Single Node (In-Process) Caching
This is useful for non-distributed standalone systems. Here the app itself is responsible for instantiating and managing its own 3rd party cache objects.
One of the common use cases for such caching is — creating a cached object pool for the most recently used network connection, caching database entities.
Also, this can be used when working with standalone mobile and web apps where we want to temporarily store some data which we get from our APIs or static files like images, CSS, JS, etc. This may also be used as a way to share already created objects between various methods in the backend.
Here the data is locally available so it is easy to maintain and is incredibly fast but the node memory can be consumed up by cache when the size grows and if multiple app relies on the same set of data then there is cache data duplication.

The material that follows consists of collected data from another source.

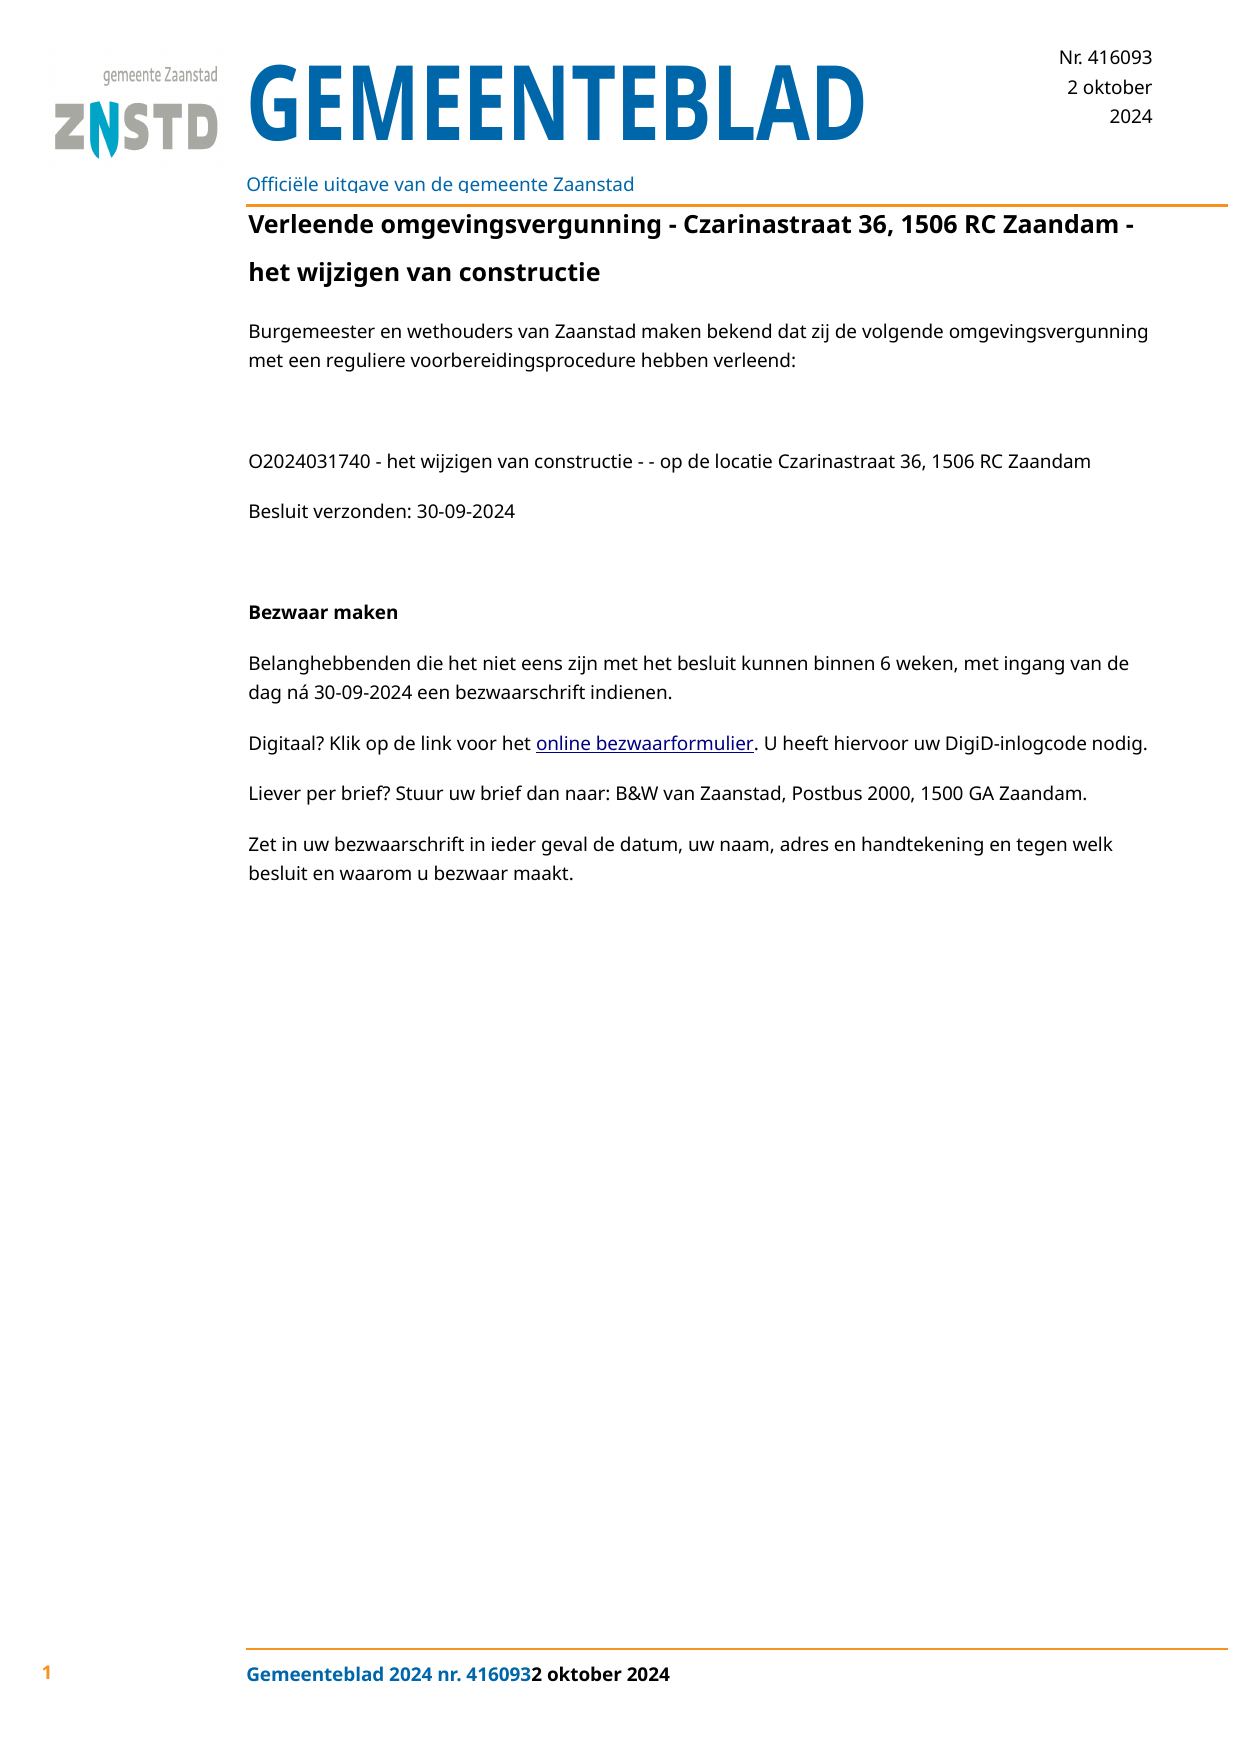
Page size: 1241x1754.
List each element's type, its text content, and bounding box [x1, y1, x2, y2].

text Burgemeester en wethouders van Zaanstad maken bekend dat zij de volgende omgevingsvergunning met een reguliere voorbereidingsprocedure hebben verleend: [248, 318, 1152, 373]
text Zet in uw bezwaarschrift in ieder geval de datum, uw naam, adres en handtekening en tegen welk besluit en waarom u bezwaar maakt. [248, 831, 1152, 886]
text Liever per brief? Stuur uw brief dan naar: B&W van Zaanstad, Postbus 2000, 1500 GA Zaandam. [248, 780, 1152, 806]
text Digitaal? Klik op de link voor het online bezwaarformulier. U heeft hiervoor uw DigiD-inlogcode nodig. [248, 730, 1152, 756]
text Bezwaar maken [248, 599, 1152, 625]
text Verleende omgevingsvergunning - Czarinastraat 36, 1506 RC Zaandam - het wijzigen van constructie [248, 207, 1152, 288]
picture [41, 47, 231, 172]
text Besluit verzonden: 30-09-2024 [248, 499, 1152, 524]
text Belanghebbenden die het niet eens zijn met het besluit kunnen binnen 6 weken, met ingang van de dag ná 30-09-2024 een bezwaarschrift indienen. [248, 650, 1152, 705]
text O2024031740 - het wijzigen van constructie - - op de locatie Czarinastraat 36, 1506 RC Zaandam [248, 448, 1152, 474]
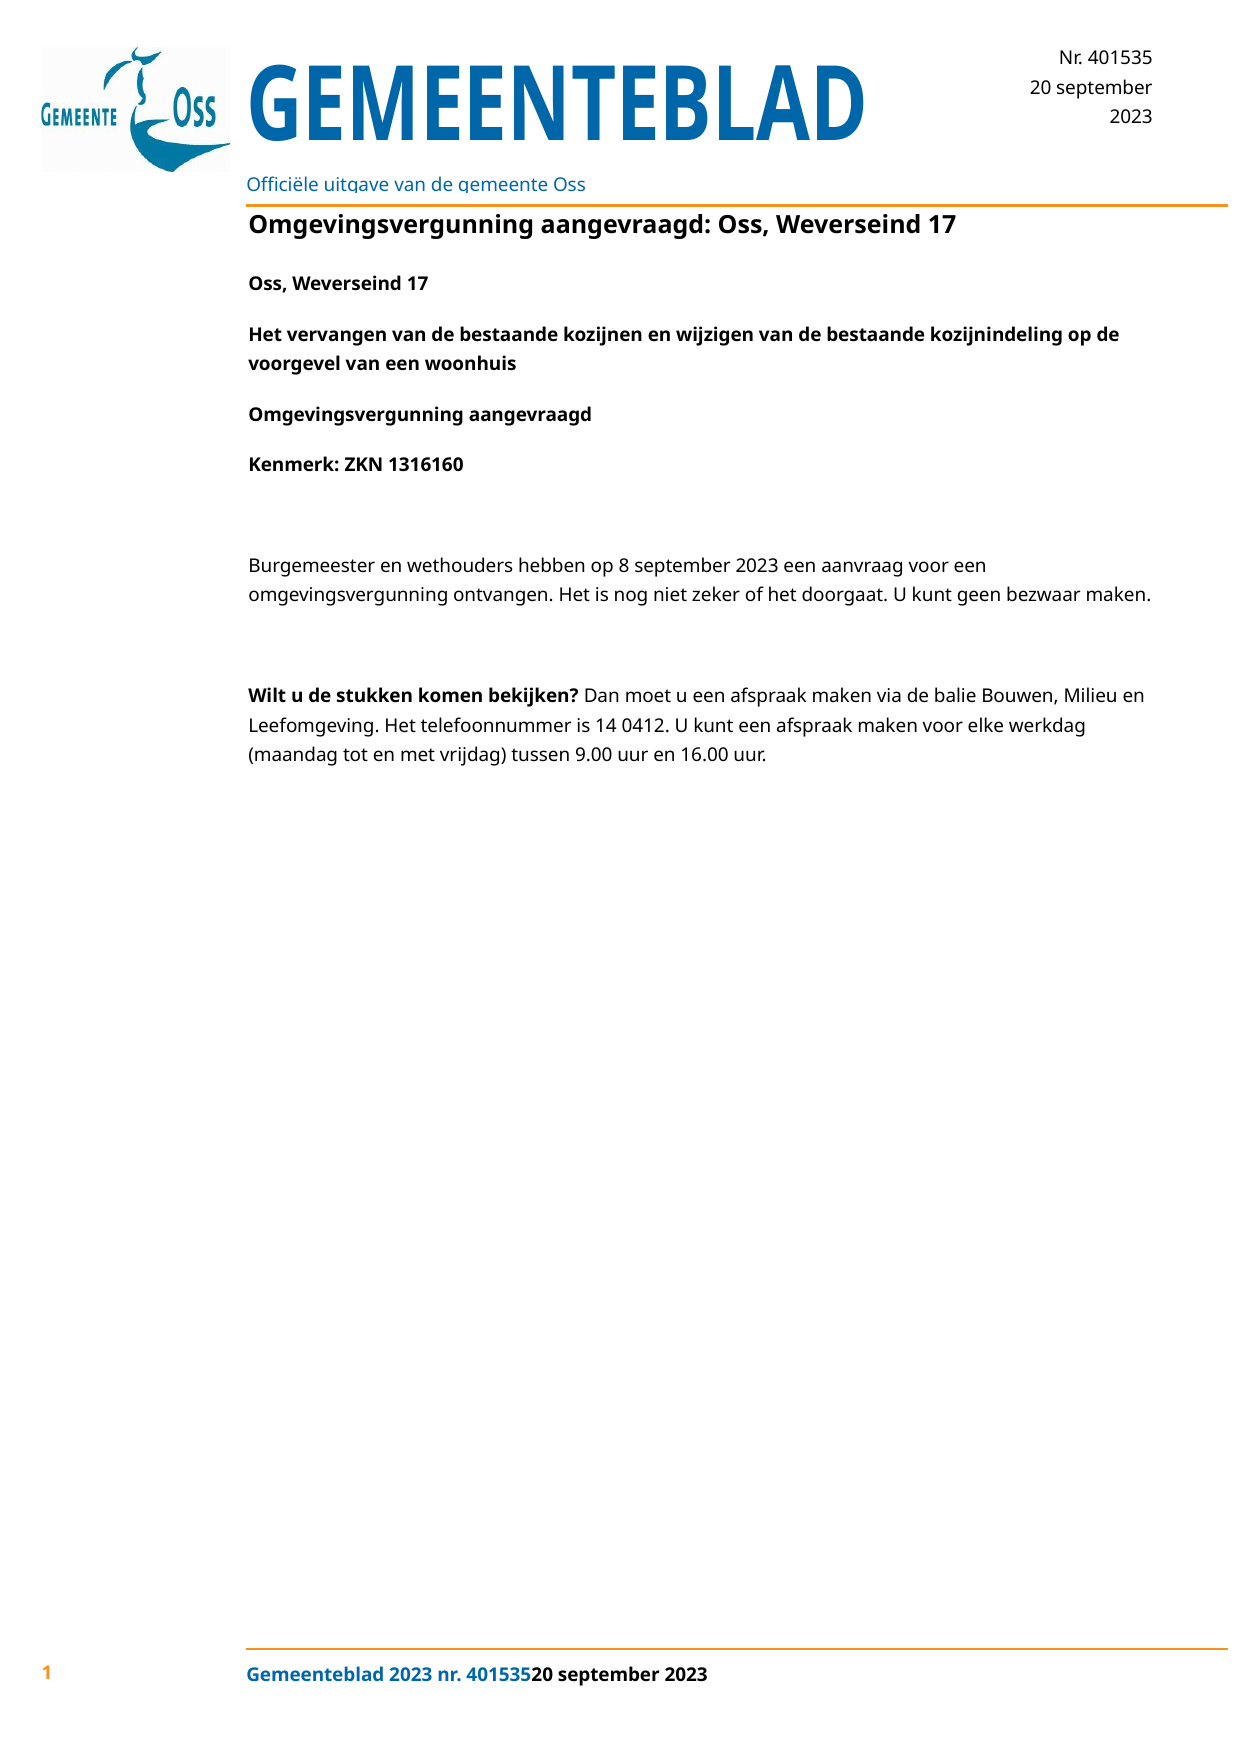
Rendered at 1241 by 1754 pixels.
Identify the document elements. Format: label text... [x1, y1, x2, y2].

text Burgemeester en wethouders hebben op 8 september 2023 een aanvraag voor een omgevingsvergunning ontvangen. Het is nog niet zeker of het doorgaat. U kunt geen bezwaar maken. [248, 552, 1152, 607]
text Oss, Weverseind 17 [248, 270, 1152, 296]
text Het vervangen van de bestaande kozijnen en wijzigen van de bestaande kozijnindeling op de voorgevel van een woonhuis [248, 321, 1152, 376]
text Omgevingsvergunning aangevraagd [248, 401, 1152, 426]
text Omgevingsvergunning aangevraagd: Oss, Weverseind 17 [248, 207, 1152, 241]
text Kenmerk: ZKN 1316160 [248, 451, 1152, 477]
picture [41, 47, 231, 172]
text Wilt u de stukken komen bekijken? Dan moet u een afspraak maken via de balie Bouwen, Milieu en Leefomgeving. Het telefoonnummer is 14 0412. U kunt een afspraak maken voor elke werkdag (maandag tot en met vrijdag) tussen 9.00 uur en 16.00 uur. [248, 682, 1152, 767]

When we have to scale our app to millions of request per minute then we deal with huge amounts of data which cannot be handled by a single node. We need several machines clusters and several such clusters to scale our application to this scale. For any good distributed caching solution, it must meet the below-mentioned requirements:
Availability: High availability is very important, depending on the use case it might be okay to get stale data but unavailability is not desirable. Cache needs to be available at all times even where the data center is not operating or there is some natural calamity.
Manageability: It should be easy to deploy, monitor, and use the provided dashboard, and should provide real time metrics that can be used by SREs
Scalability: The system should deliver a steady performance even under load. The distributed cache system must be able to elastically grow up and down.
Affordability: Cost is always an important part of the decision, this includes both upfront cost and all ongoing costs as well. The evaluation should be based on the total cost of ownership (License, Services, maintenance, hardware, and support).
Simplicity: It is also an important considering, as adding a new cache to our existing deployment should not add any complexity to the solution.
Performance: the cache should be able to meet the required throughput at all times for read and write operations.
Caching is very easy to understand, simple to implement and results are always breathtaking. I am more a friend of Redis than Memcached because of extra DB features provided by Redis like persistence, built-in data structures like lists and sets. In the next part, we will compare in detail various Caching solutions available.